Transformer model is generating empty lines when using Sentencepiece model

I used the SentencePiece model as a tokenizer. When I encoded src text file using SPM encoder, everything is fine.

Command:
spm_encode --model=eng.model --output_format=piece input.txt --output input_tok.txt --extra_options=bos:eos

While using translation command on the model, few lines translated as empty, and it’s not that those sentences are small 1 word, phrases. These sentences were complete sentences.

Command:
onmt_translate -model Eng_Fr_Model.pt -src input_tok.txt -output fr_output_tok.txt -replace_unk -verbose

I am trying English-French Machine Translation on the Europarl dataset.
Any suggestions, how to resolve this??

Can you show an example input (tolenized) that gives you an empty translation?

@BramVanroy Here is the input file after tokenization.
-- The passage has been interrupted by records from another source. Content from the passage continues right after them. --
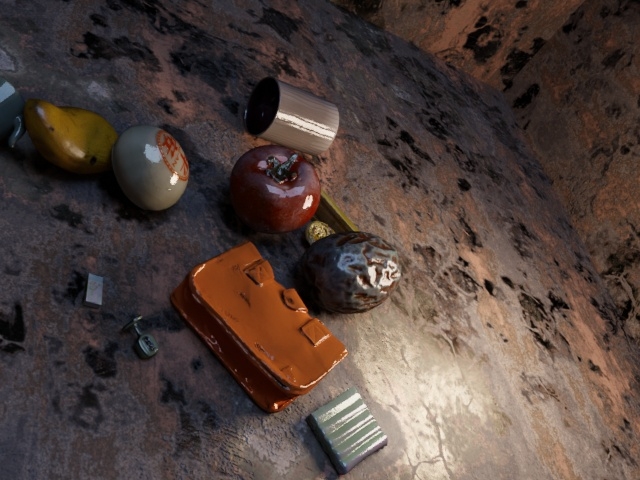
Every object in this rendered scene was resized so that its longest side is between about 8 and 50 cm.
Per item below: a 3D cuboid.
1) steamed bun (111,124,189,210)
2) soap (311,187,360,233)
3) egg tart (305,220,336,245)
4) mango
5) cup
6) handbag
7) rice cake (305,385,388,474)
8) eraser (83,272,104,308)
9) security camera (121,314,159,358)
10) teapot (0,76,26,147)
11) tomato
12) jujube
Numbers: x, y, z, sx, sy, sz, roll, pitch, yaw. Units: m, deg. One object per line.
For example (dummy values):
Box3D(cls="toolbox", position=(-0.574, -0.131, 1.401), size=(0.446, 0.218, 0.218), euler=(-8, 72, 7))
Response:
Box3D(cls="steamed bun", position=(-0.428, -0.198, 1.891), size=(0.232, 0.145, 0.232), euler=(53, 27, -42))
Box3D(cls="soap", position=(0.040, -0.058, 2.296), size=(0.252, 0.092, 0.037), euler=(49, 33, 13))
Box3D(cls="egg tart", position=(0.000, 0.000, 2.234), size=(0.129, 0.049, 0.129), euler=(23, 44, -24))
Box3D(cls="mango", position=(-0.628, -0.257, 1.815), size=(0.295, 0.120, 0.177), euler=(14, 61, -58))
Box3D(cls="cup", position=(-0.118, -0.418, 2.487), size=(0.273, 0.288, 0.208), euler=(14, 78, -35))
Box3D(cls="handbag", position=(-0.147, 0.206, 1.804), size=(0.410, 0.116, 0.303), euler=(47, 35, 8))
Box3D(cls="rice cake", position=(0.070, 0.467, 1.792), size=(0.198, 0.037, 0.189), euler=(-7, 56, -48))
Box3D(cls="eraser", position=(-0.514, 0.114, 1.639), size=(0.038, 0.019, 0.083), euler=(18, 40, -27))
Box3D(cls="security camera", position=(-0.397, 0.218, 1.615), size=(0.092, 0.058, 0.058), euler=(52, 35, 2))
Box3D(cls="teapot", position=(-0.811, -0.292, 1.708), size=(0.239, 0.162, 0.149), euler=(26, 47, -1))
Box3D(cls="tomato", position=(-0.134, -0.138, 2.101), size=(0.270, 0.227, 0.270), euler=(9, 49, -11))
Box3D(cls="jujube", position=(0.087, 0.086, 2.072), size=(0.246, 0.215, 0.308), euler=(51, 37, 16))
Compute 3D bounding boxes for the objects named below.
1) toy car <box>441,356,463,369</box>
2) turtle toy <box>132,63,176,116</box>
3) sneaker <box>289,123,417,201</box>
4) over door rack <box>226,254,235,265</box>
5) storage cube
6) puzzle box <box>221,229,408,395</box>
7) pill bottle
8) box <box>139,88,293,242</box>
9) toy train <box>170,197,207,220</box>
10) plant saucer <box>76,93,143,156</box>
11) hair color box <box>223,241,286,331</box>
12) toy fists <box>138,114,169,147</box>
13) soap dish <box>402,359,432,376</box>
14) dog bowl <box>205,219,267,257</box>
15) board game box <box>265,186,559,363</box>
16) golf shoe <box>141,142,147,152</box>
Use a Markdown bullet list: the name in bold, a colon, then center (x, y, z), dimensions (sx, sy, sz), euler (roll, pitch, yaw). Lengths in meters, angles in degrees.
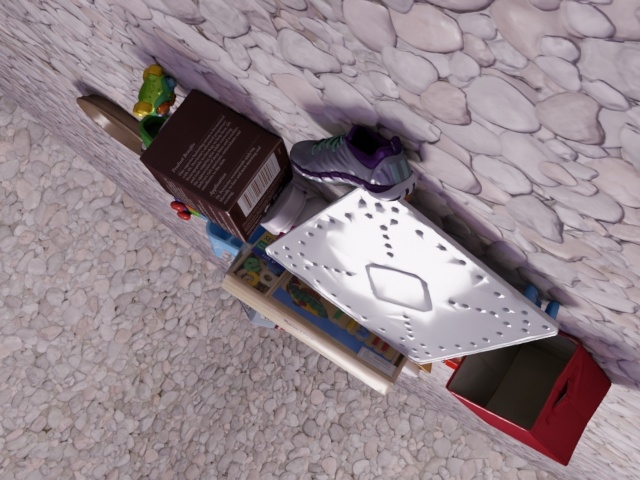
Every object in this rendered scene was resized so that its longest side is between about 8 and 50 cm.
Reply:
- **toy car**: center (0.359, 0.289, 1.833), dimensions (0.225, 0.053, 0.239), euler (20, 162, 51)
- **turtle toy**: center (-0.308, -0.272, 1.366), dimensions (0.066, 0.095, 0.130), euler (16, 177, -24)
- **sneaker**: center (0.038, -0.131, 1.019), dimensions (0.224, 0.083, 0.098), euler (20, 141, 39)
- **over door rack**: center (-0.126, 0.080, 2.269), dimensions (0.239, 0.108, 0.324), euler (38, 154, -18)
- **storage cube**: center (0.384, 0.266, 1.337), dimensions (0.215, 0.183, 0.193), euler (21, 164, 47)
- **puzzle box**: center (0.032, 0.115, 1.555), dimensions (0.409, 0.272, 0.052), euler (32, 135, 7)
- **pill bottle**: center (0.000, 0.000, 1.450), dimensions (0.246, 0.136, 0.136), euler (40, 168, -23)
- **box**: center (-0.184, -0.134, 1.340), dimensions (0.203, 0.168, 0.167), euler (32, 168, 15)
- **toy train**: center (-0.346, -0.116, 2.077), dimensions (0.143, 0.105, 0.248), euler (23, 167, 8)
- **plant saucer**: center (-0.533, -0.304, 1.966), dimensions (0.278, 0.041, 0.278), euler (33, 169, 7)
- **hair color box**: center (-0.026, 0.138, 1.749), dimensions (0.375, 0.113, 0.185), euler (19, -160, -38)
- **toy fists**: center (-0.291, -0.181, 1.656), dimensions (0.279, 0.096, 0.142), euler (35, 159, 8)
- **soap dish**: center (0.168, 0.252, 2.056), dimensions (0.291, 0.118, 0.229), euler (40, 168, -28)
- **dog bowl**: center (-0.183, -0.015, 1.876), dimensions (0.297, 0.166, 0.074), euler (24, 153, 43)
- **board game box**: center (0.142, 0.063, 1.243), dimensions (0.390, 0.050, 0.390), euler (37, 151, -14)
- **golf shoe**: center (-0.398, -0.220, 1.815), dimensions (0.068, 0.086, 0.186), euler (30, 169, 17)

And this is output, after translation.

@guillaumekln please help.

I suggest to not use these options when training with OpenNMT-py. The framework already injects these tokens in the data.

Hi,
I’m experiencing the same issue with transformers. In my case I’m using BPE and I’m not using bos or eos tokens. Some lines are translated as empty. Any guess?

Hi everyone,
Does anyone have an explanation and a solution to this issue in the meantime?

Thanks,
Arda

Hi,

When no length penalty or normalization are applied, the empty output can have a better score than any other predictions.

There are multiple solutions in OpenNMT-py:

  • Set a minimum decoding length: -min_length 1
  • Set a length penalty: -length_penalty wu -alpha 0.1

Thanks for your reply Guillaume!

Just as extra information for anyone who might check this thread in the future I will also share my experience with both configurations:

  • The issue was solved with -min_length 1 and the BLEU scores were as expected.
  • I still had some blank lines (no predictions) with the length penalty (wu, alpha=0.1).

Regarding the length penalty, I probably used a bad value for -alpha. You can also try other values like 0.6 (the default in Tensor2Tensor).

But -min_length is probably the easiest solution here.

1 Like